Senora Camaña has spent her entire life on the storied passageways of Casco Viejo. The large wooden doors to her home, a first floor apartment with three rooms, are always open to the narrow cobblestone of Calle Quinta: her literal and figurative window to the world.

She spends most of her time in her living room, the largest of quarters, where an old television set glows front and center, adorned on all sides by souvenir bottles of wine, dusted family photos, and various religious paraphernalia. A dining room table with six chairs and a plastic table cloth is where her family eats. It’s also where locals wander in around lunchtime from the neighboring government ministries, paying two dollars for some of the most down-home food in Casco Viejo; literally and figuratively, it’s her institution.

Children and adults with government badges alike make their way to her home as if homing pigeons; they come to eat, they come to gossip, and they come to relax. But in the coming months, things may change. The building in which she lives has just been approved for the construction of a new high-end hotel, and while Senora Camaña is one of the few actual rent-paying residents in the building, her rent isn’t financially compatible with such an impressive and large capital project such as this.

It’s a common and increasingly ethical dilemma in Panama’s historic district of Casco Viejo. In the 1950’s, the neighborhood experienced a large-scale exodus, seeing all its elite and well-to-do residents sprawling for Panama City’s suburbs. As a result, Casco took a turn for the worse; the neighborhood becoming overrun with crime, drugs, and squatters, the term used for individuals who found themselves space in the rapidly-deteriorating buildings free of pay or registration.

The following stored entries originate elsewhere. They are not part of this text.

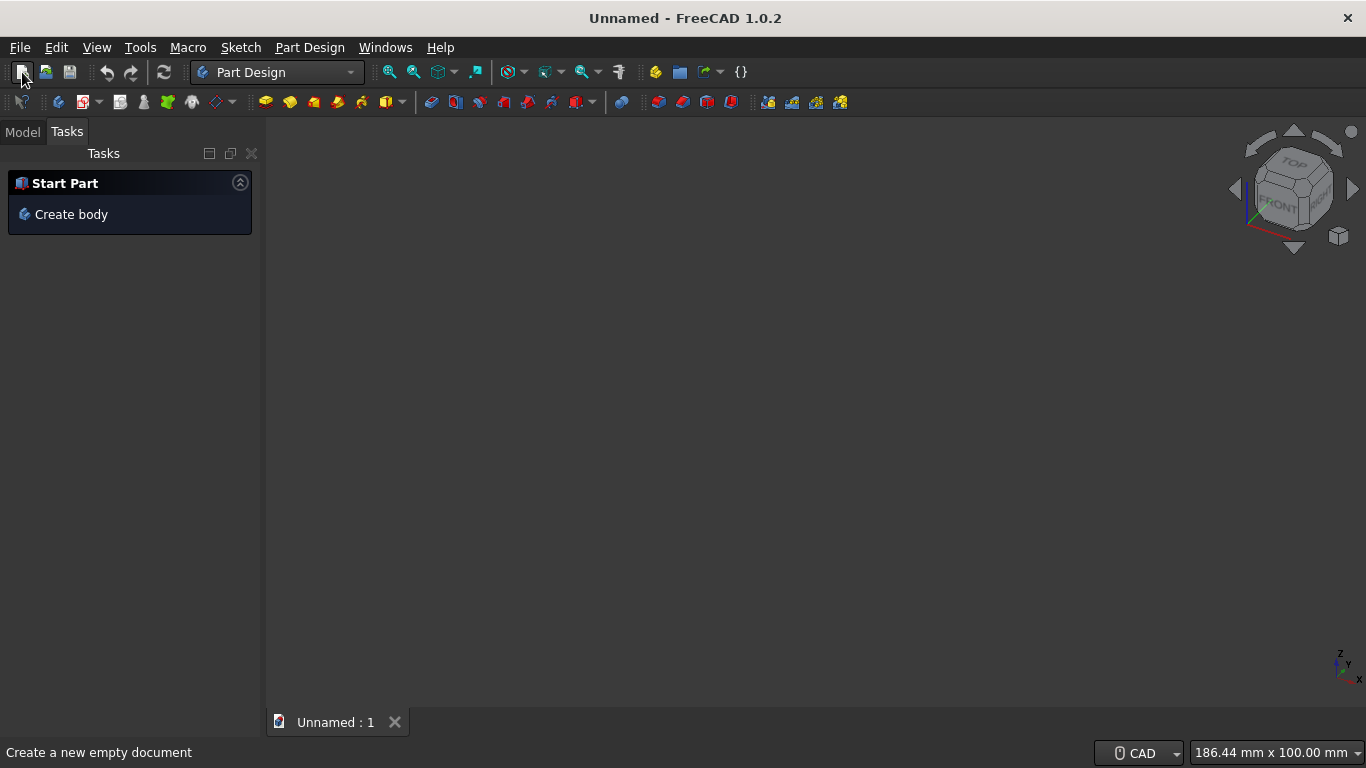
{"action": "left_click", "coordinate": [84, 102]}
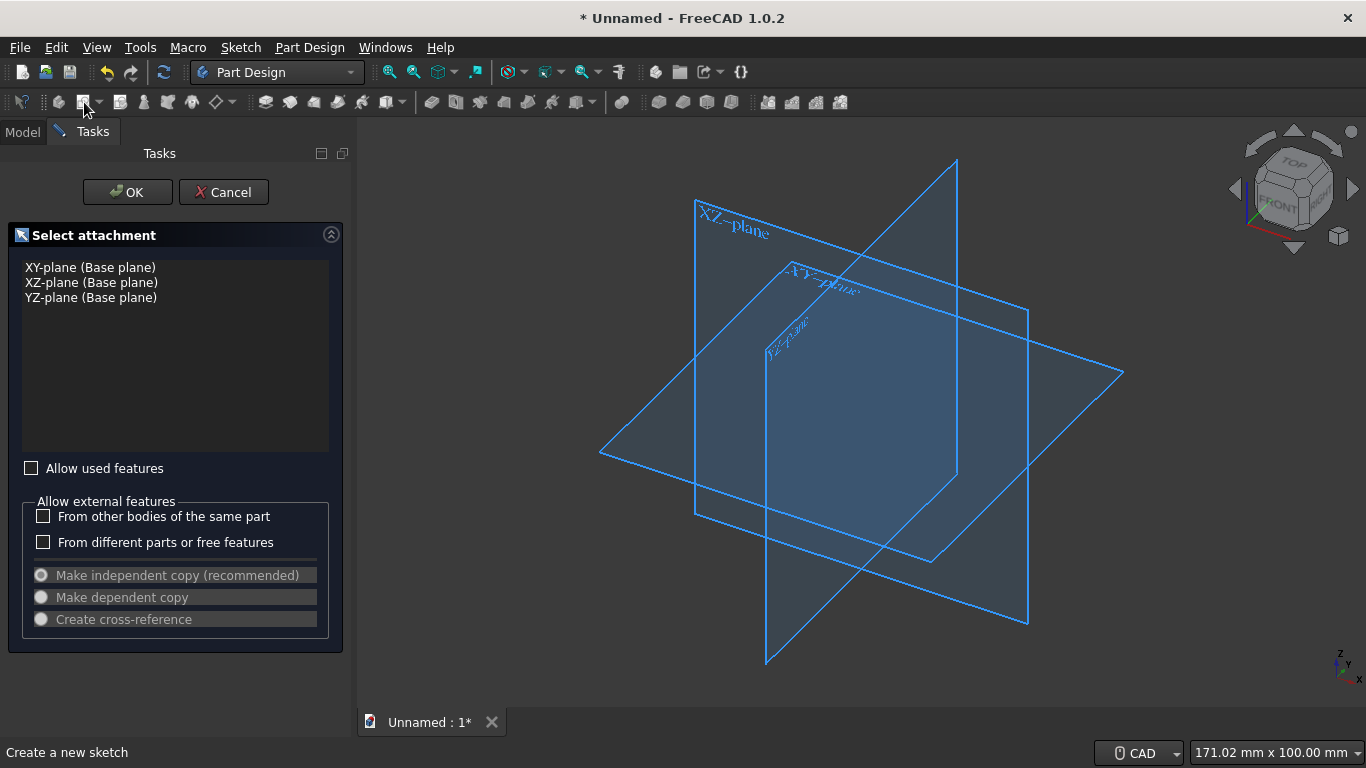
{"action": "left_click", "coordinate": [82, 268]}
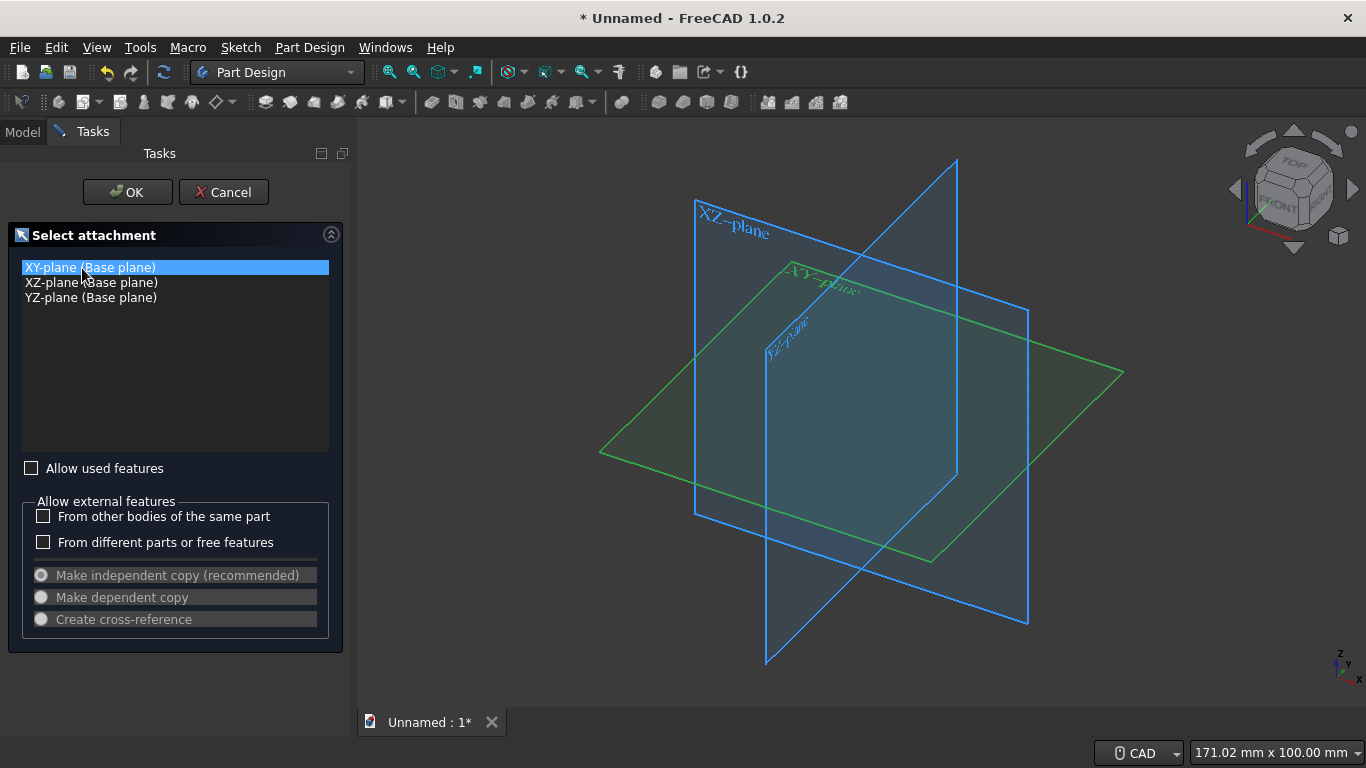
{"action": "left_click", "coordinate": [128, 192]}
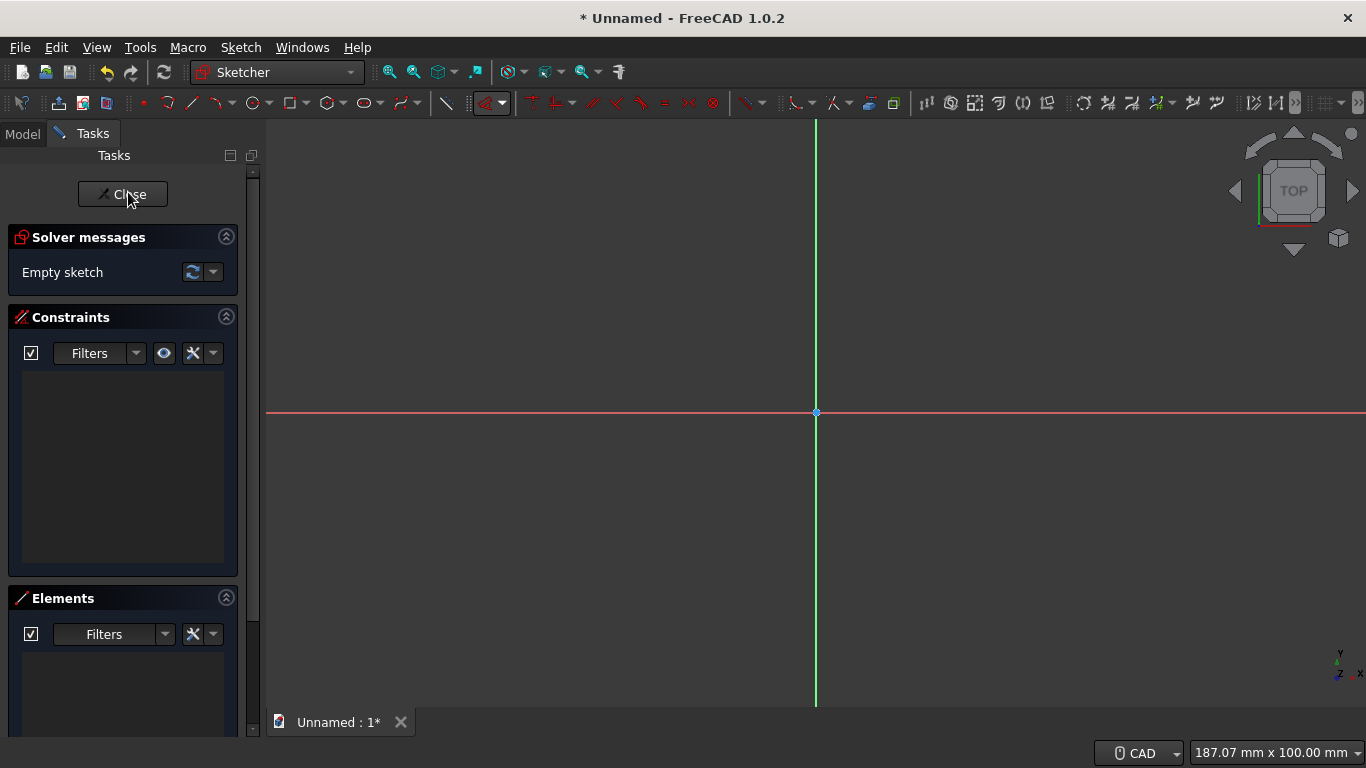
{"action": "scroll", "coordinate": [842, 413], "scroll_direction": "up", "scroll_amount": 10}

Roughly ten years ago marked a major turning point in Casco Viejo as a resurgence in interest in the European architecture and rich history began to draw real estate investors from around the world. But with the injection of money, interest, and pride in Casco Viejo, what will happen to residents like Senora Camaña? Residents who’ve not only built a livelihood in the quarter, but who’ve heavily contributed to the very culture and atmosphere drawing tourists and investors to Casco today.

“While it is sad,” says one foreign resident and investor, “it’s a natural and necessary thing for the evolution of this neighborhood. It is fiscally unfeasible to try and reconstruct a building with one third reserved to old-time residents. The squatters need to leave and renovation needs to begin.”

Not all residents or officials agree with this standpoint however. While many squatters illegally occupying buildings, many too are legally paying rent and responsibly adding to the fabric of the community. Some agencies, like Arco Properties are making an effort to maintain the culture by building low-income housing units, and while such units cannot viably be built in the most centric (and most expensive) part of the old quarter, they believe it’s a duty of theirs to preserve not only an architecture, but an established way of life.

So Senora Camaña sits there in her rocking chair, still actively serving food to the community as if there’s physically an end in sight. The moral, ethical and legal battle over squatters’ rights in Casco Viejo is one of monumental proportions: so too is the way in which to handle people like Senora Camaña, whose honorable involvement in the community echoes the responsibility you’ll hear preached by reconstruction executives and socially-conscientious investors.

Just beneath the surface of mock renditions of Casco building reconstructions, lies a very genuine dilemma: one about which Senora Camaña will expectedly fight over with her life.